Why would it be faster to first store a vector?


#12

Are you sure about this? I see no intrinsic reason for this (unless, of course, the simulated quantity depends on the path globally and there is no online statistic). Perhaps some example code would make these things more concrete.

Random number generation is deterministic once you set the seed, so it effectively “stores” the whole thing in a (relatively) small number of bytes.


#13

Maybe the poster is following habits from Python or Matlab, which train people into thinking that “vector” operations are always fast and loops are always slow. I agree that it seems unlikely to be the case here.


#14

Maybe the RNG code is evicted from a cache if it is called only when a number is needed. But, I’ve never looked into this. Several years ago, I tested whether it was worth generating an array of random numbers for some Monte Carlo code for which the cpu time consumed by the RNG was significant. It made no difference. Still, I always used an array with the Mersenne Twister. I don’t recall if it was in the original code, or if I borrowed it from elsewhere.

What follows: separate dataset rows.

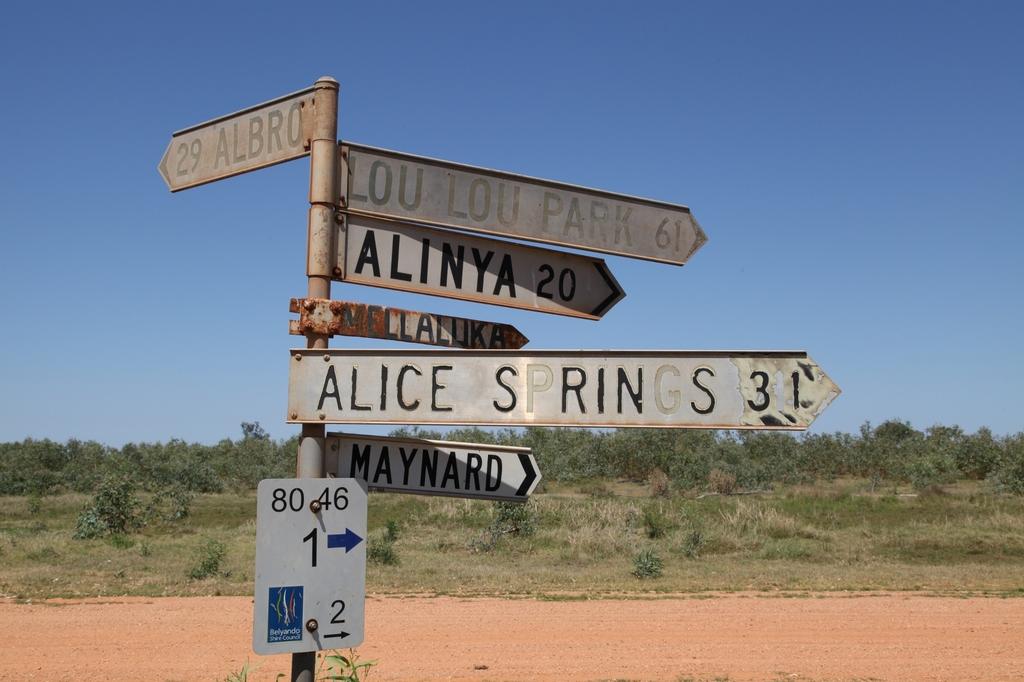How far is albro?
Offer a very short reply. 29. 
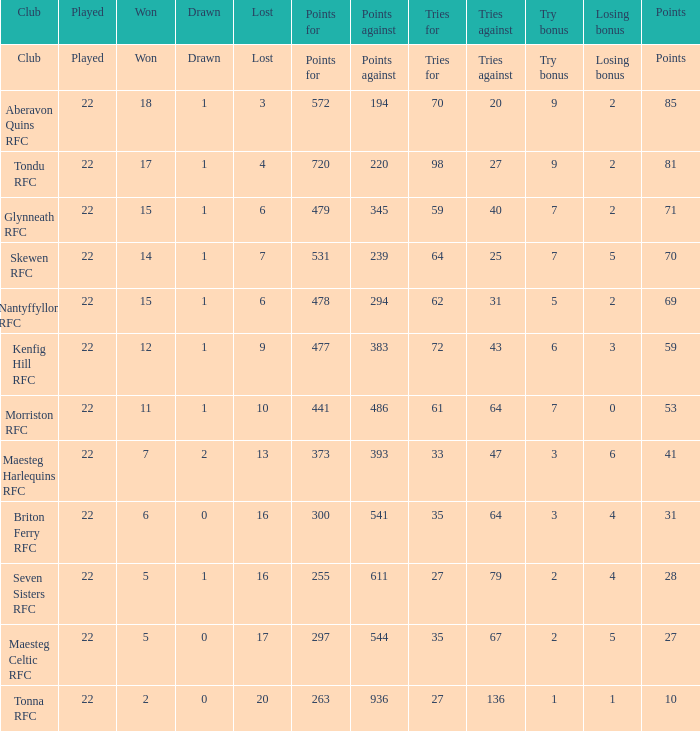What is the value of the points column when the value of the column lost is "lost" Points. 
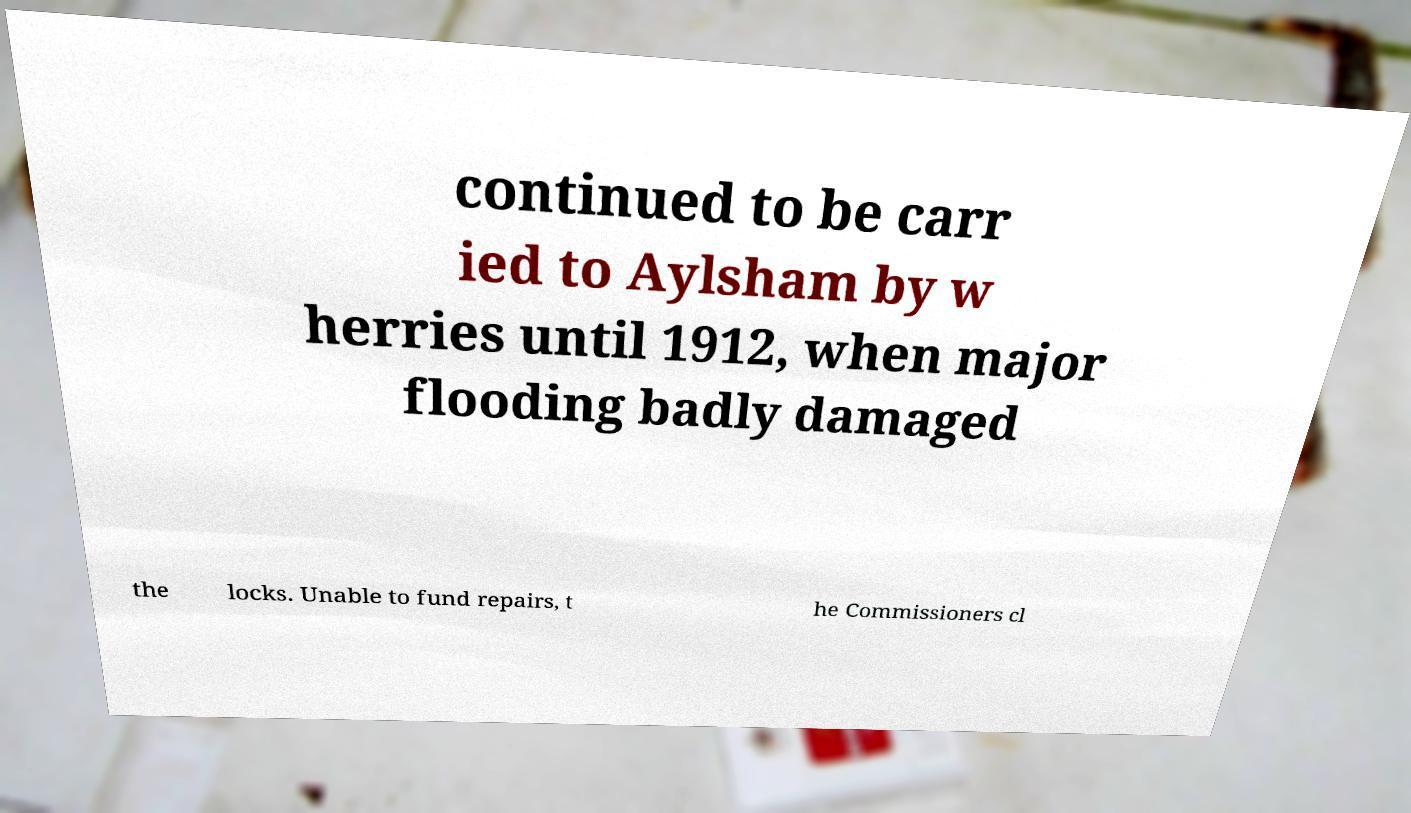What messages or text are displayed in this image? I need them in a readable, typed format. continued to be carr ied to Aylsham by w herries until 1912, when major flooding badly damaged the locks. Unable to fund repairs, t he Commissioners cl 
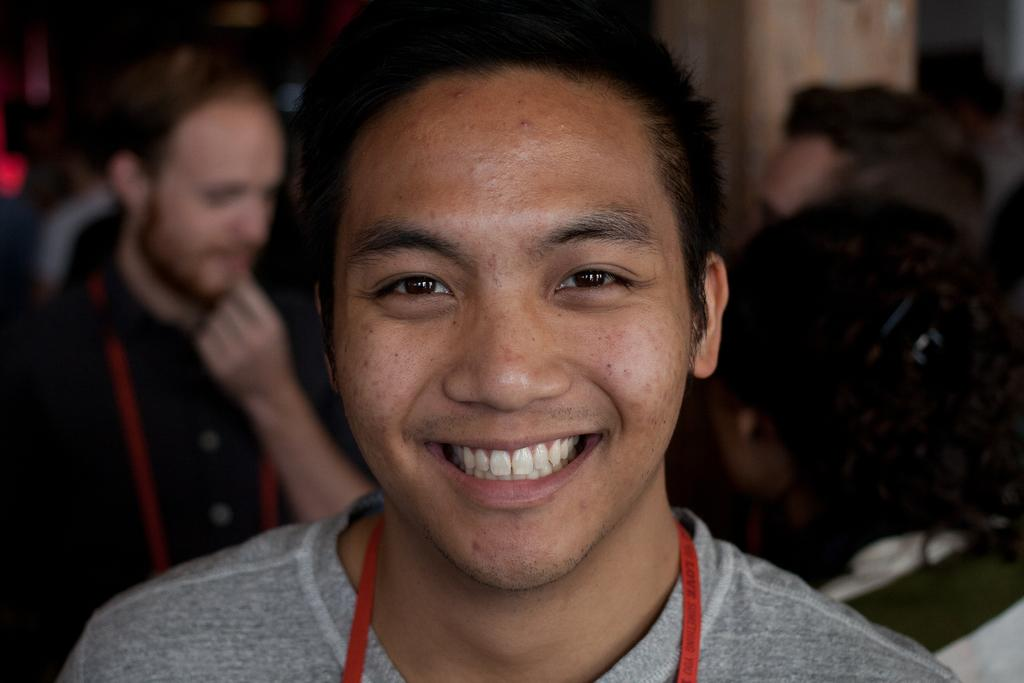Who is present in the image? There is a person in the image. What is the person doing in the image? The person is smiling. What is the person wearing in the image? The person is wearing a grey t-shirt. Can you describe the surroundings of the person in the image? There are other persons in the background of the image. What type of meat is being transported by the person in the image? There is no meat or transportation activity present in the image; it features a person smiling and wearing a grey t-shirt. 
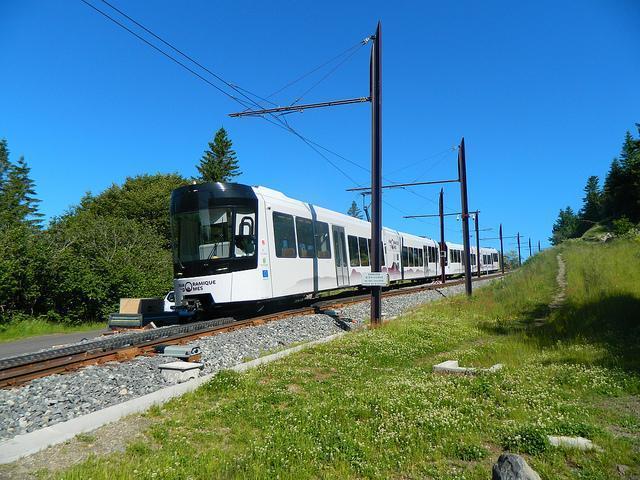How many poles are there?
Give a very brief answer. 8. 
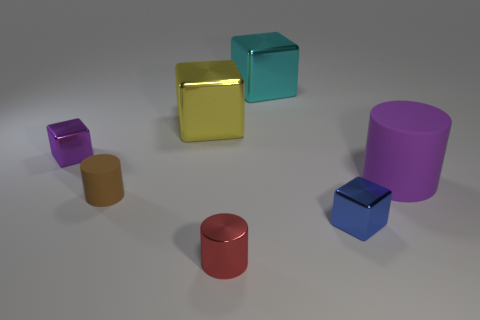What number of rubber objects are tiny brown objects or tiny cylinders?
Your response must be concise. 1. There is a shiny object on the left side of the tiny matte thing; is its shape the same as the rubber object in front of the big purple cylinder?
Your answer should be compact. No. Are there any brown things made of the same material as the cyan cube?
Ensure brevity in your answer.  No. The large cylinder is what color?
Ensure brevity in your answer.  Purple. There is a matte thing that is on the left side of the big yellow shiny object; what size is it?
Provide a succinct answer. Small. How many big rubber objects have the same color as the tiny shiny cylinder?
Offer a very short reply. 0. Is there a metallic block to the left of the large metallic block right of the small metallic cylinder?
Offer a very short reply. Yes. Do the metallic cube that is behind the large yellow thing and the small metal block right of the small red metal cylinder have the same color?
Make the answer very short. No. There is a metal cylinder that is the same size as the blue shiny cube; what color is it?
Make the answer very short. Red. Is the number of cylinders on the left side of the red metal cylinder the same as the number of yellow metal objects to the right of the yellow shiny object?
Ensure brevity in your answer.  No. 
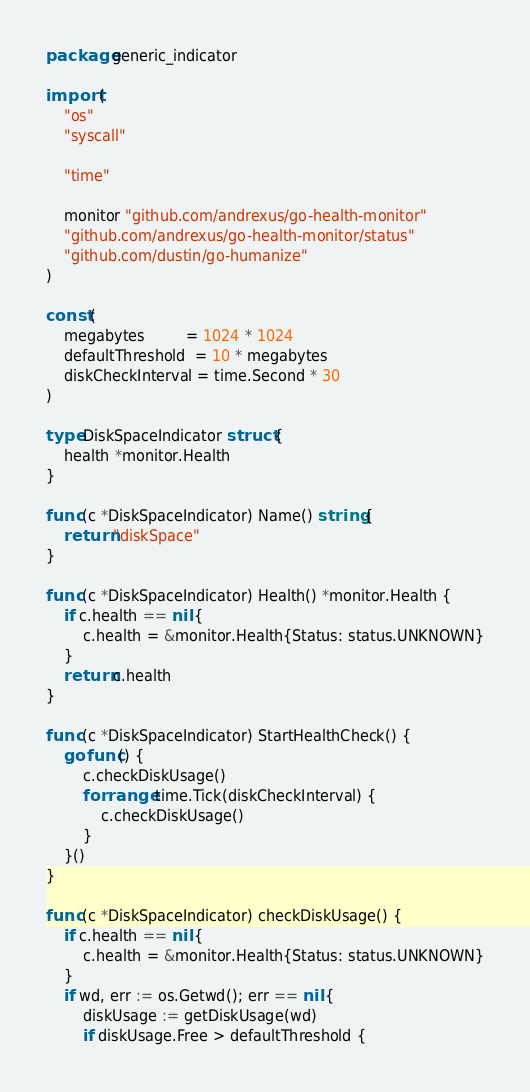Convert code to text. <code><loc_0><loc_0><loc_500><loc_500><_Go_>package generic_indicator

import (
	"os"
	"syscall"

	"time"

	monitor "github.com/andrexus/go-health-monitor"
	"github.com/andrexus/go-health-monitor/status"
	"github.com/dustin/go-humanize"
)

const (
	megabytes         = 1024 * 1024
	defaultThreshold  = 10 * megabytes
	diskCheckInterval = time.Second * 30
)

type DiskSpaceIndicator struct {
	health *monitor.Health
}

func (c *DiskSpaceIndicator) Name() string {
	return "diskSpace"
}

func (c *DiskSpaceIndicator) Health() *monitor.Health {
	if c.health == nil {
		c.health = &monitor.Health{Status: status.UNKNOWN}
	}
	return c.health
}

func (c *DiskSpaceIndicator) StartHealthCheck() {
	go func() {
		c.checkDiskUsage()
		for range time.Tick(diskCheckInterval) {
			c.checkDiskUsage()
		}
	}()
}

func (c *DiskSpaceIndicator) checkDiskUsage() {
	if c.health == nil {
		c.health = &monitor.Health{Status: status.UNKNOWN}
	}
	if wd, err := os.Getwd(); err == nil {
		diskUsage := getDiskUsage(wd)
		if diskUsage.Free > defaultThreshold {</code> 
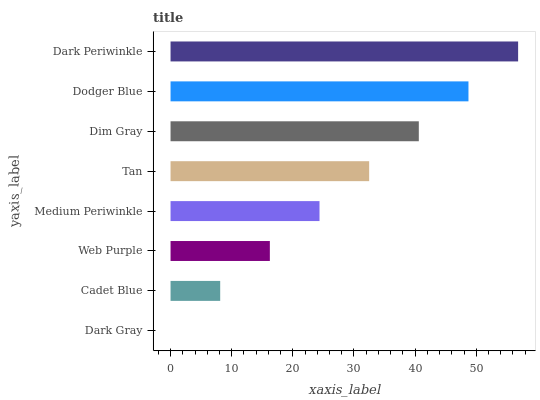Is Dark Gray the minimum?
Answer yes or no. Yes. Is Dark Periwinkle the maximum?
Answer yes or no. Yes. Is Cadet Blue the minimum?
Answer yes or no. No. Is Cadet Blue the maximum?
Answer yes or no. No. Is Cadet Blue greater than Dark Gray?
Answer yes or no. Yes. Is Dark Gray less than Cadet Blue?
Answer yes or no. Yes. Is Dark Gray greater than Cadet Blue?
Answer yes or no. No. Is Cadet Blue less than Dark Gray?
Answer yes or no. No. Is Tan the high median?
Answer yes or no. Yes. Is Medium Periwinkle the low median?
Answer yes or no. Yes. Is Cadet Blue the high median?
Answer yes or no. No. Is Web Purple the low median?
Answer yes or no. No. 
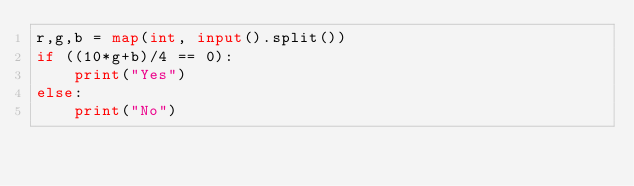<code> <loc_0><loc_0><loc_500><loc_500><_Python_>r,g,b = map(int, input().split())
if ((10*g+b)/4 == 0):
    print("Yes")
else:
    print("No")</code> 
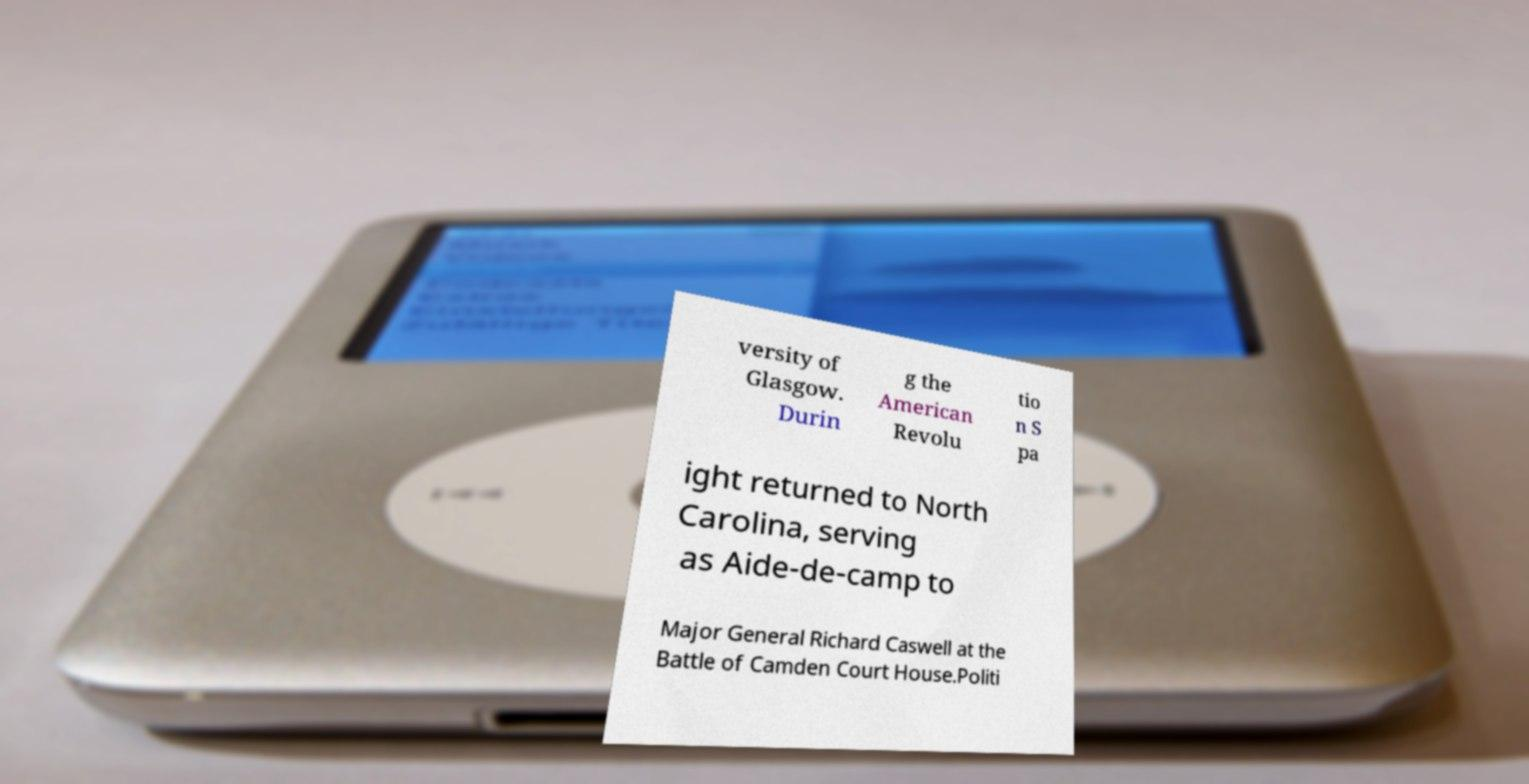For documentation purposes, I need the text within this image transcribed. Could you provide that? versity of Glasgow. Durin g the American Revolu tio n S pa ight returned to North Carolina, serving as Aide-de-camp to Major General Richard Caswell at the Battle of Camden Court House.Politi 
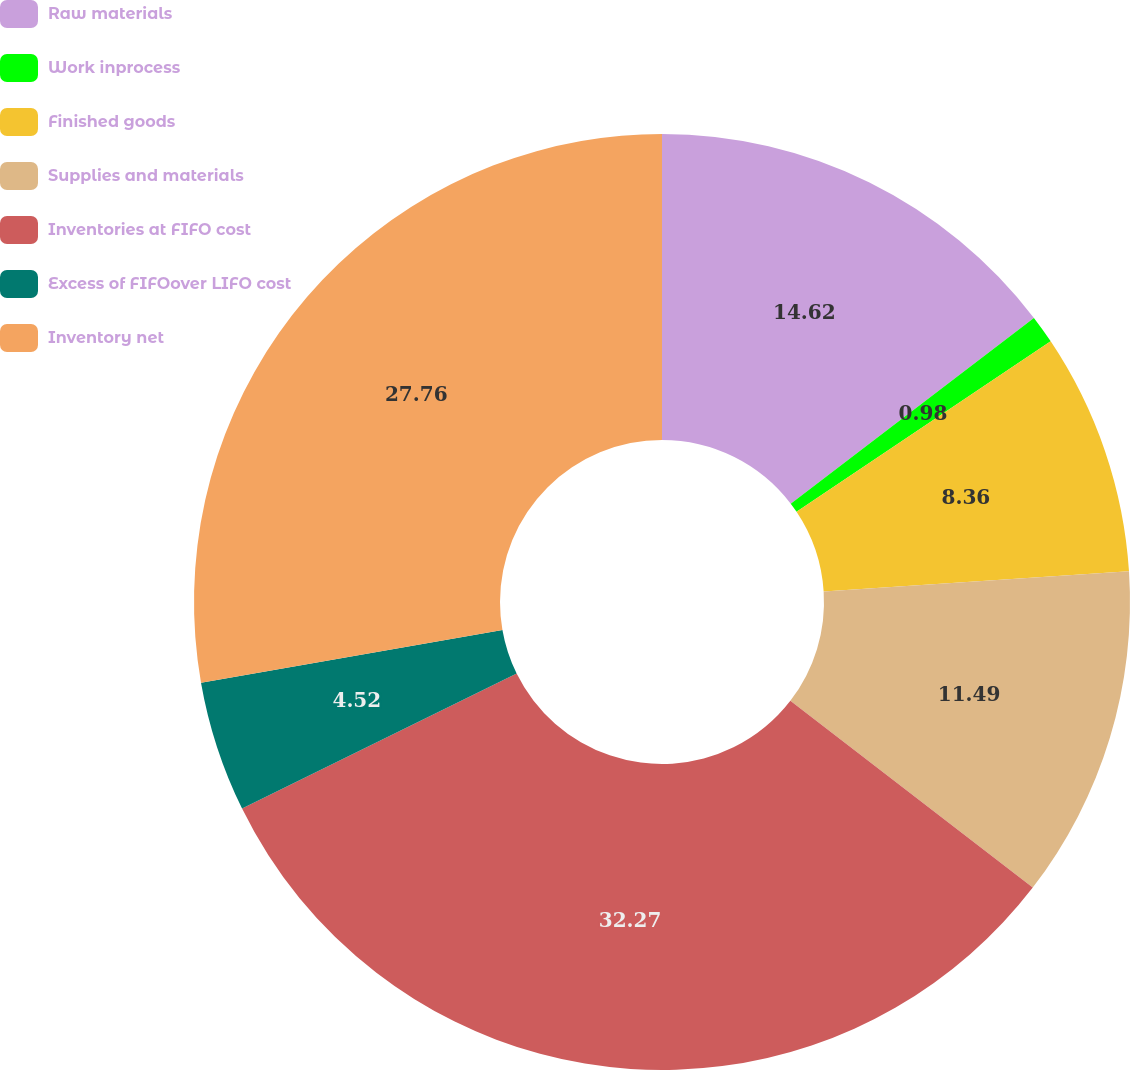Convert chart to OTSL. <chart><loc_0><loc_0><loc_500><loc_500><pie_chart><fcel>Raw materials<fcel>Work inprocess<fcel>Finished goods<fcel>Supplies and materials<fcel>Inventories at FIFO cost<fcel>Excess of FIFOover LIFO cost<fcel>Inventory net<nl><fcel>14.62%<fcel>0.98%<fcel>8.36%<fcel>11.49%<fcel>32.28%<fcel>4.52%<fcel>27.76%<nl></chart>

EDIT: I definitely saw this method at least once in a prominent source. Maybe code from Knuth. You call a routine to get a sample. The routine uses a static array and an index and refills when necessary. The idea that this is the correct way may have propagated from there.


#15

It’s easy to write routines that use 8/3 bits, on average, per sample (using rejection). I tried it last night and was not able to beat rand() < 1/3 in speed. But, it still may be possible.

Maybe there is something analogous to the algorithm that generates two normally distributed samples.


#16

That sort of technique is common when instruction & data caches come into play, and it can be faster in that case, greatly increasing locality of reference in both caches. If you have a large number of cores sharing L2/L3 caches on a physical CPU, and have a lot of tasks doing different things, it helps.


#17

Even if chunking the random generation were beneficial, surely you wouldn’t use such a gigantic cache that it would swallow that much memory? Why not use a reasonably sized cache that you periodically refill?


#18

@semi-colon, that sounds interesting. I agree with everyone else that there should be no performance improvement to pre-computing the N=10^10 random sequence. (Unless you’re pre-computing to ensure that you have repeated access to the identical sequence.)


#19

Instructions are often stored in a separate cache. So its the RNG that should stay in cache.

EDIT: I just re-read. What I mean by “cache” is not a user allocated array, but cache in the CPU/memory system.


#20

If somebody is running a large number of workers all running the same code, using the same static tables, then it won’t matter so much, but if you have a mixed workload, then the RNG will tend to get pushed out of cache, which is why a (reasonably sized) buffer, can help performance (also when dealing with multiple threads).
We had the same issue for getting unique (sequential) ids, each process would get a batch (range) of ids, that it could hand out locally, instead of each process having to single thread every time a new id was required.